So i thought, ok, let's set up a group and a diner in a nice restaurant... So
why the hell am i supposed to provide my credit card data to potentially pay
$22 (??) for a meetup in a UNKNOWN, not freely choosable restaurant in Berlin?

It just tells me "yo, we will set up a nice partner restaurant for you"...

So i have to pay upfront (if enough people signup) for a meetup in a
restaurant which i cannot choose, somewhere in Berlin, not knowing if
grubwithus will actually be able to book a table in a decent restaurant (how
would they know my taste....). It's also entirely unclear how much of the
money goes to grubwithus, which should be clearly explained somewhere without
me having to look it up in the terms and conditions or wherever it might be
hidden.

I'm not fast in saying "This concept will fail", but I am pretty sure this
model is fundamentally flawed and will fail...
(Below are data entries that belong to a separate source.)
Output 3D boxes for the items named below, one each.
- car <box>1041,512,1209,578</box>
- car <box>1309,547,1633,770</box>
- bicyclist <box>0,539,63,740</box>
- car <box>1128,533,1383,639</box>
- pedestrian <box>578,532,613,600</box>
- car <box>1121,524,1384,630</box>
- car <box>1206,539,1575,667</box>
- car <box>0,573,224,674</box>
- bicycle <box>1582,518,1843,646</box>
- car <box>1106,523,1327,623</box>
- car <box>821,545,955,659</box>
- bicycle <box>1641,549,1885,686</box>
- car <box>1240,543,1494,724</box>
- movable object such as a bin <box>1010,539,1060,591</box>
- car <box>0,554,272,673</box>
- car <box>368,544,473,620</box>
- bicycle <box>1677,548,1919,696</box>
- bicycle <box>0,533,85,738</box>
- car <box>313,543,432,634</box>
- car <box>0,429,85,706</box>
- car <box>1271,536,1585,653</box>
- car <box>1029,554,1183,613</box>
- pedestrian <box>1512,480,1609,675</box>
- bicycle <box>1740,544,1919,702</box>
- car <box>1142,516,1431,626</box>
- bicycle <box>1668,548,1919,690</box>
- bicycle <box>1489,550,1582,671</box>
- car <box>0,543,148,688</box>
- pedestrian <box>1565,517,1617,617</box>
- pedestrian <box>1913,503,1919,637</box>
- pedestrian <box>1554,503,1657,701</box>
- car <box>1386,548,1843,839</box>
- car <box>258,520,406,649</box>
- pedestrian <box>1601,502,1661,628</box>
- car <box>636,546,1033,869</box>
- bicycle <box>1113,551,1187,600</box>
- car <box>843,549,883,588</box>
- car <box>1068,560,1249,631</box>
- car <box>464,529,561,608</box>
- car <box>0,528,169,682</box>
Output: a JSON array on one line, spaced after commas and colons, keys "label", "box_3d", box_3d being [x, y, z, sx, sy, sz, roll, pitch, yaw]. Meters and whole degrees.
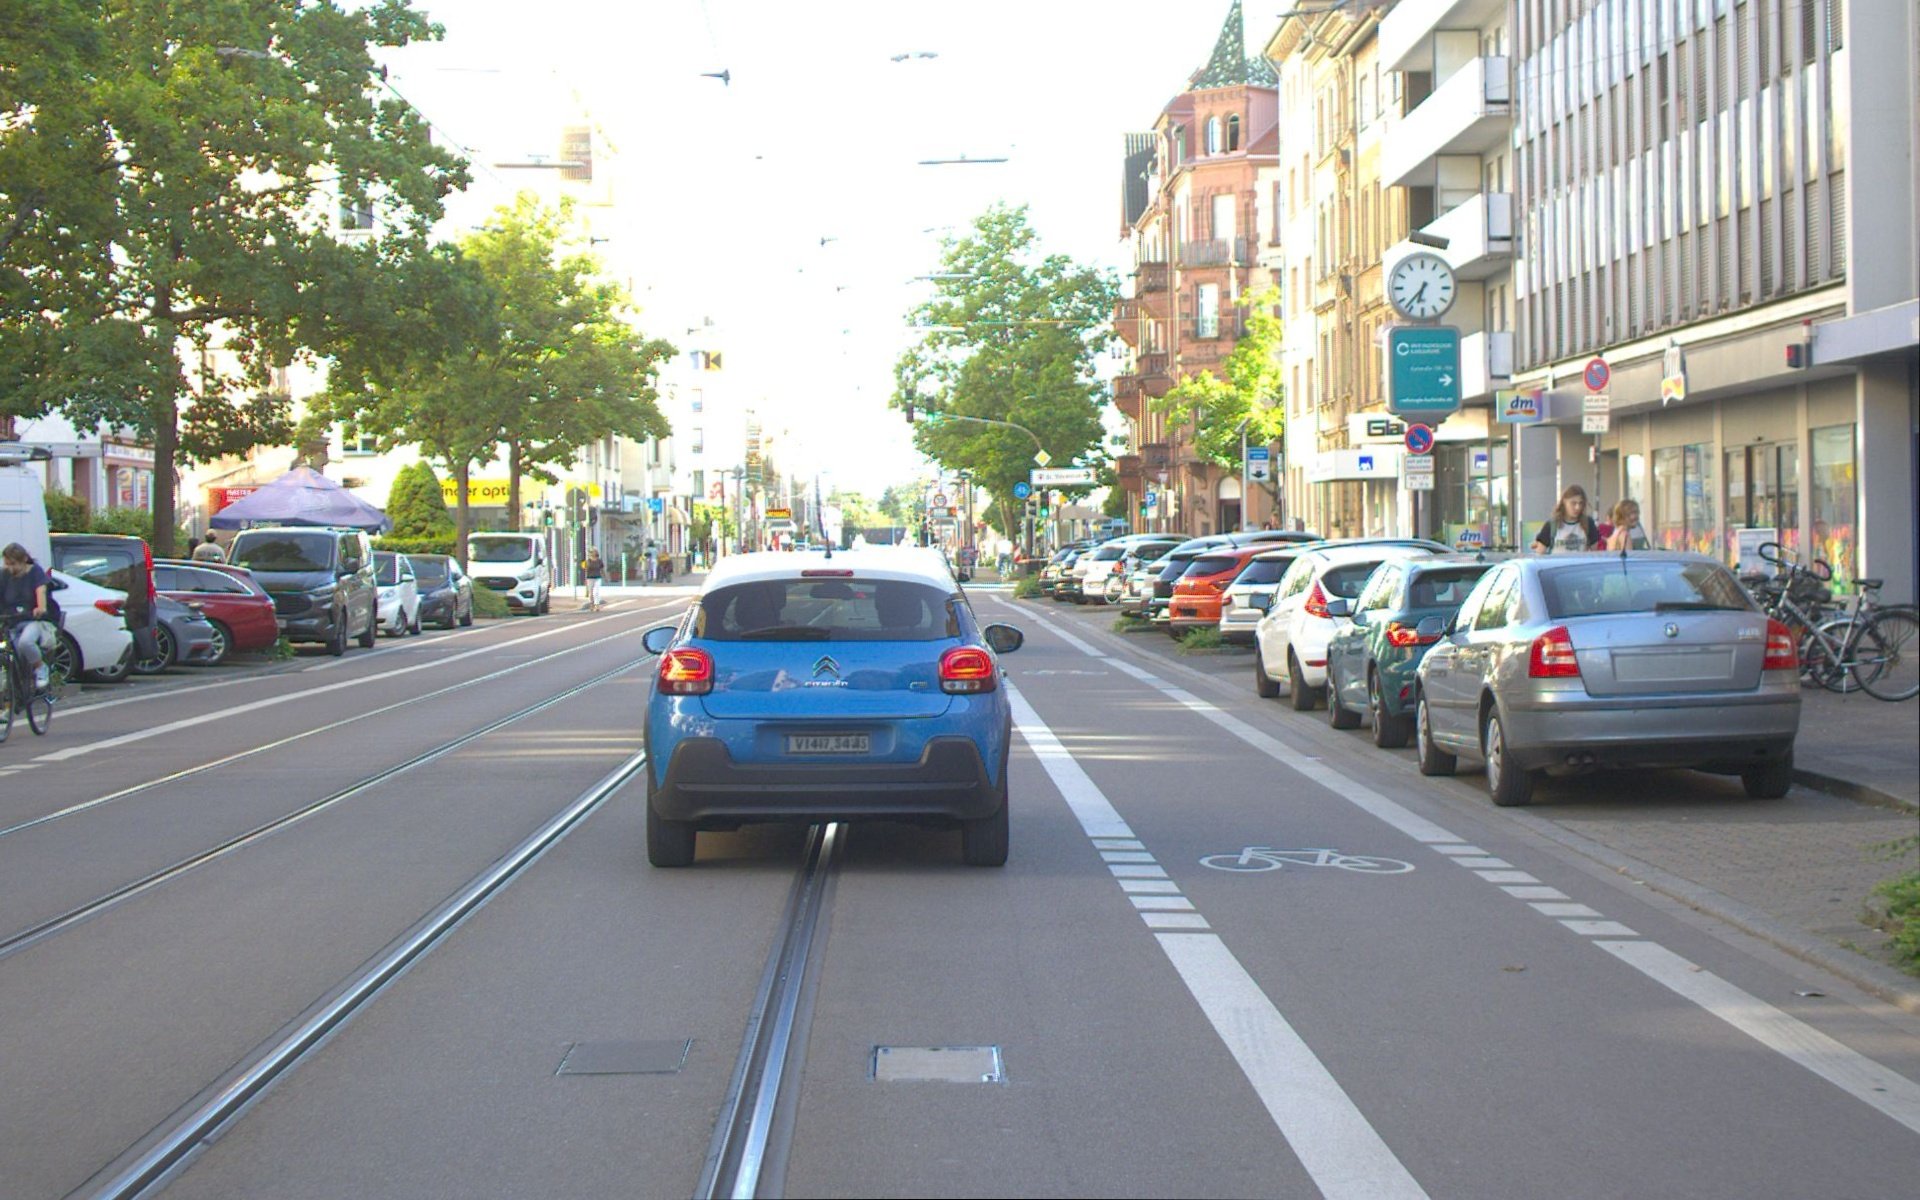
[{"label": "car", "box_3d": [4.009, -1.331, 83.576, 3.653, 1.568, 1.861, 0, 1, -20]}, {"label": "car", "box_3d": [3.850, 0.397, 26.535, 1.873, 1.590, 4.000, 0, 1, 0]}, {"label": "bicyclist", "box_3d": [-7.992, 0.324, 29.045, 0.634, 1.675, 0.727, 0, 0, -1]}, {"label": "car", "box_3d": [4.461, -0.226, 51.837, 3.441, 1.550, 1.824, 0, 1, -32]}, {"label": "pedestrian", "box_3d": [-9.253, -0.859, 87.237, 0.729, 1.720, 0.628, 0, 1, -25]}, {"label": "car", "box_3d": [4.683, -0.375, 54.956, 3.719, 1.646, 2.047, 0, 1, -33]}, {"label": "car", "box_3d": [5.272, 0.015, 41.950, 4.439, 1.503, 1.536, 0, 1, -30]}, {"label": "car", "box_3d": [-11.623, 0.287, 44.590, 3.796, 1.261, 1.516, 0, 1, -26]}, {"label": "bicycle", "box_3d": [7.188, -0.175, 32.911, 2.358, 1.217, 0.664, 0, 1, 3]}, {"label": "car", "box_3d": [4.314, -0.457, 57.717, 3.442, 1.634, 1.684, -1, 1, -37]}, {"label": "car", "box_3d": [-1.018, 0.008, 49.867, 1.873, 1.590, 4.000, 0, 1, 0]}, {"label": "bicycle", "box_3d": [7.184, 0.151, 30.806, 2.019, 1.217, 0.664, 0, 1, -1]}, {"label": "car", "box_3d": [3.741, 0.267, 32.198, 1.873, 1.590, 4.000, 0, 1, 0]}, {"label": "movable object such as a bin", "box_3d": [2.175, -1.007, 99.439, 1.394, 1.478, 1.655, 0, 1, -1]}, {"label": "car", "box_3d": [-11.645, 0.168, 48.018, 3.722, 1.617, 1.789, 0, 1, -22]}, {"label": "car", "box_3d": [-10.872, -0.376, 69.533, 1.747, 1.481, 4.043, 0, 1, -4]}, {"label": "bicycle", "box_3d": [7.316, 0.176, 28.659, 2.538, 1.217, 0.664, 0, 1, -1]}, {"label": "bicycle", "box_3d": [-8.008, 0.274, 29.119, 0.680, 1.673, 2.097, 0, 1, -1]}, {"label": "car", "box_3d": [-10.860, -0.232, 63.774, 1.747, 1.612, 4.411, 0, 1, -4]}, {"label": "car", "box_3d": [-11.514, -0.319, 33.763, 5.370, 2.739, 1.806, 0, 1, -30]}, {"label": "car", "box_3d": [6.174, -0.096, 45.319, 3.774, 1.482, 1.838, 0, 1, -30]}, {"label": "car", "box_3d": [3.825, -0.448, 90.170, 3.653, 1.529, 1.789, 0, 1, -20]}, {"label": "pedestrian", "box_3d": [5.196, -0.198, 29.793, 0.712, 1.666, 0.654, 0, 0, -1]}, {"label": "bicycle", "box_3d": [7.328, 0.169, 27.378, 2.056, 1.217, 0.664, -1, 1, -2]}, {"label": "car", "box_3d": [4.684, -0.425, 49.232, 3.719, 1.515, 1.968, 0, 1, -33]}, {"label": "bicycle", "box_3d": [7.229, 0.162, 29.830, 2.019, 1.217, 0.664, 0, 1, -1]}, {"label": "bicycle", "box_3d": [5.703, 0.097, 34.102, 0.693, 1.181, 1.239, 0, 1, -1]}, {"label": "car", "box_3d": [-11.721, 0.167, 38.644, 4.756, 1.612, 1.712, 0, 1, -33]}, {"label": "pedestrian", "box_3d": [10.070, -0.527, 54.903, 0.692, 1.582, 0.678, 0, 0, -1]}, {"label": "pedestrian", "box_3d": [8.814, -0.073, 30.015, 0.712, 1.601, 0.654, -3, 1, -1]}, {"label": "pedestrian", "box_3d": [5.281, 0.016, 28.150, 0.712, 1.601, 0.654, 0, 0, -1]}, {"label": "car", "box_3d": [3.872, 0.481, 21.151, 1.873, 1.590, 4.719, 0, 1, 0]}, {"label": "car", "box_3d": [-9.958, -0.269, 54.819, 1.747, 1.967, 5.241, 0, 1, -4]}, {"label": "pedestrian", "box_3d": [9.393, -0.490, 48.131, 0.692, 1.750, 0.678, 0, 0, -1]}, {"label": "car", "box_3d": [-0.593, 0.458, 17.073, 1.762, 1.436, 3.557, 0, 1, -1]}, {"label": "bicycle", "box_3d": [4.057, -0.528, 73.445, 0.553, 1.044, 1.807, 0, 1, -36]}, {"label": "car", "box_3d": [-3.620, -1.167, 128.025, 1.423, 1.427, 3.139, 0, 1, 0]}, {"label": "car", "box_3d": [4.482, -0.114, 77.564, 3.654, 1.568, 1.861, 0, 1, -29]}, {"label": "car", "box_3d": [-10.735, -0.768, 82.784, 1.831, 1.841, 4.214, 0, 1, -1]}, {"label": "car", "box_3d": [-11.680, 0.052, 41.238, 3.986, 1.810, 1.713, 0, 1, -26]}]

I misinterpreted the platform as a nice way of setting up a diner with friends
+ some strangers in a restaurant of my choice (where i know the quality is
good), but grubwithus doesn't allow me to do that.

It's also really weird that i cannot comment in my recently created group,
because the system tells me to "Slow down there partner!".

------
ricardobeat
The blog is missing a link to <http://grubwithus.com> in the header or
sidebar.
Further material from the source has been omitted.